▶ [Task instructions]
Below are the records. Gather each line that holds "this".

▶ [Record excerpts]
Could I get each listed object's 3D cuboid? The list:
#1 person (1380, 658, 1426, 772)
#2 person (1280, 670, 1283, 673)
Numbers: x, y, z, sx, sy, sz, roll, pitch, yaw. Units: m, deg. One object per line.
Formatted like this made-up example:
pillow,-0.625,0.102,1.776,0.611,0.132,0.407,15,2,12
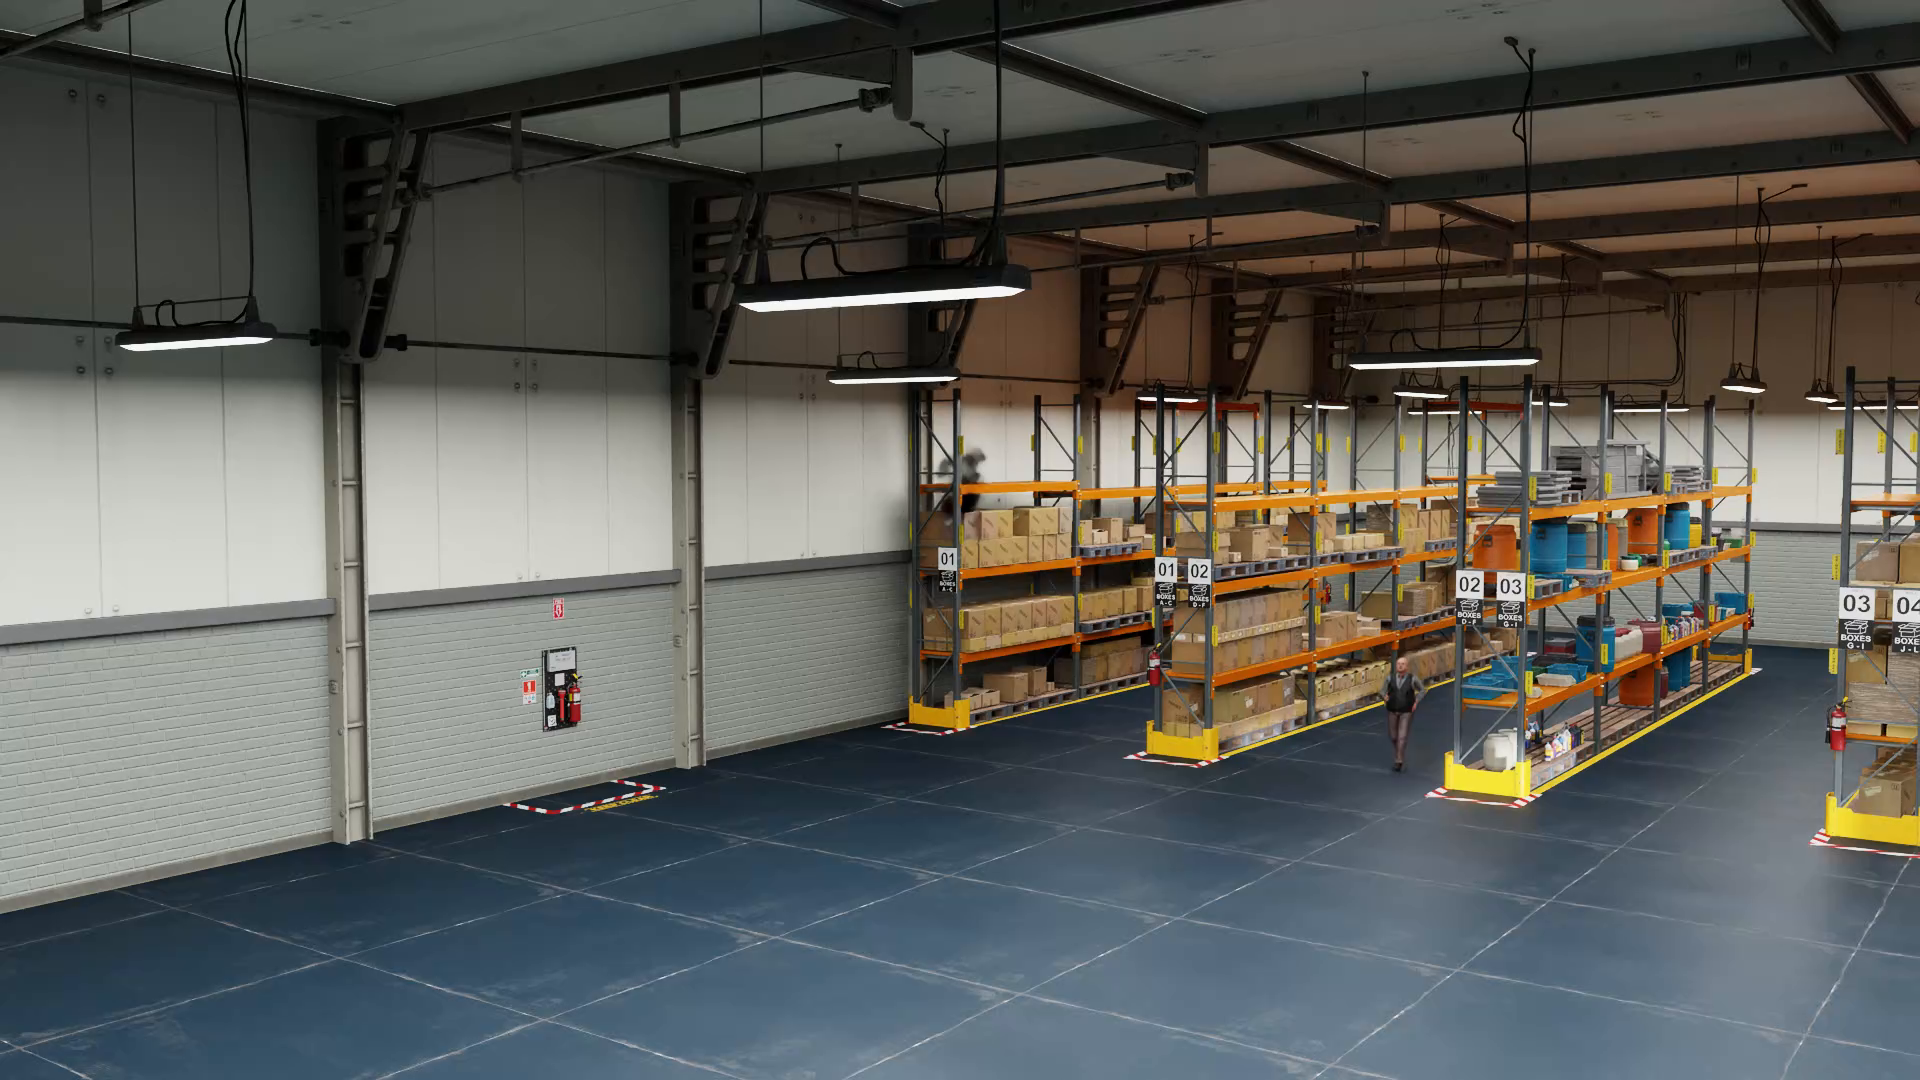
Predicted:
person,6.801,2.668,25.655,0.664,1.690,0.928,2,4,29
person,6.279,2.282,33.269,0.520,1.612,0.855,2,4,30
...
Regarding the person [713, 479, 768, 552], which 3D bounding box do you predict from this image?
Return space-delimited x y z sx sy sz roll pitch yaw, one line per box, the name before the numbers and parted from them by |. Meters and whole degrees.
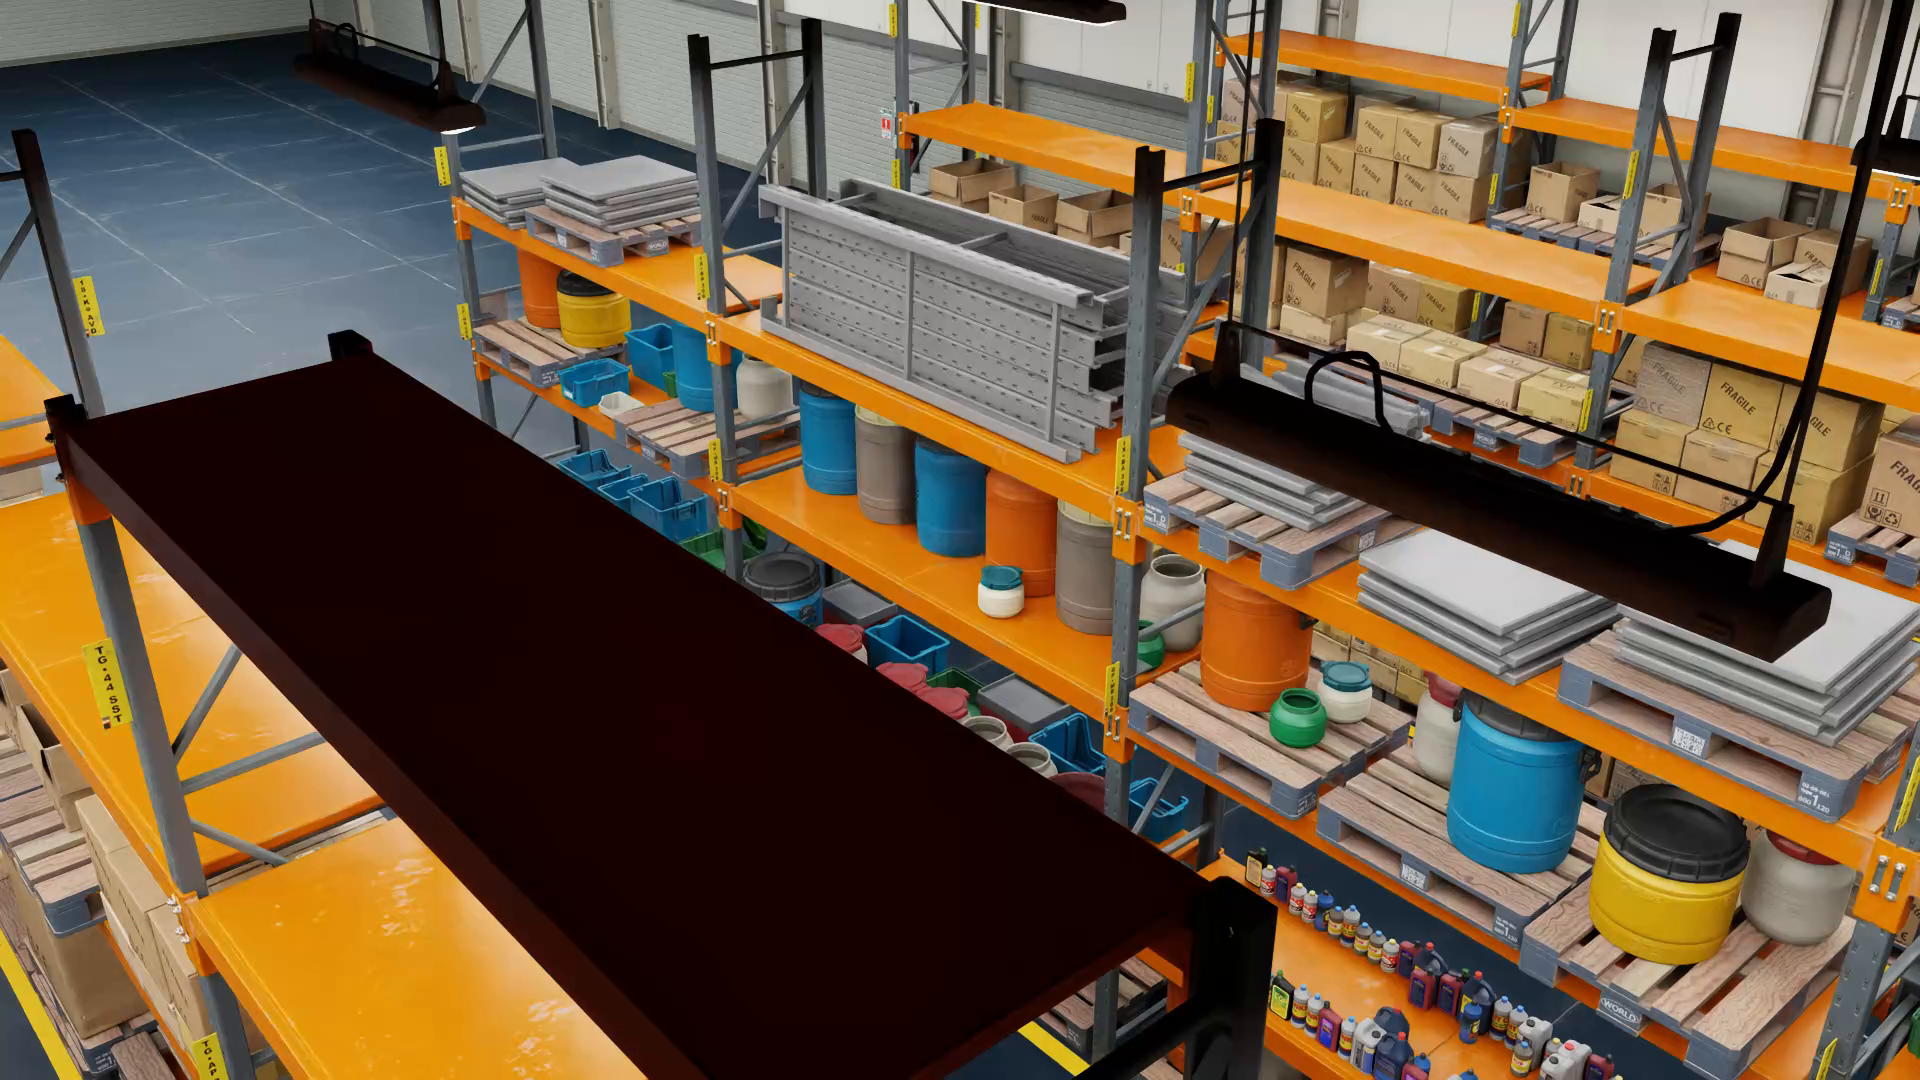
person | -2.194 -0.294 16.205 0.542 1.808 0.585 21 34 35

▶ [Task response]
Formatted like this made-up example:
Regarding the person [713, 479, 768, 552], which 3D bounding box do you predict from this image?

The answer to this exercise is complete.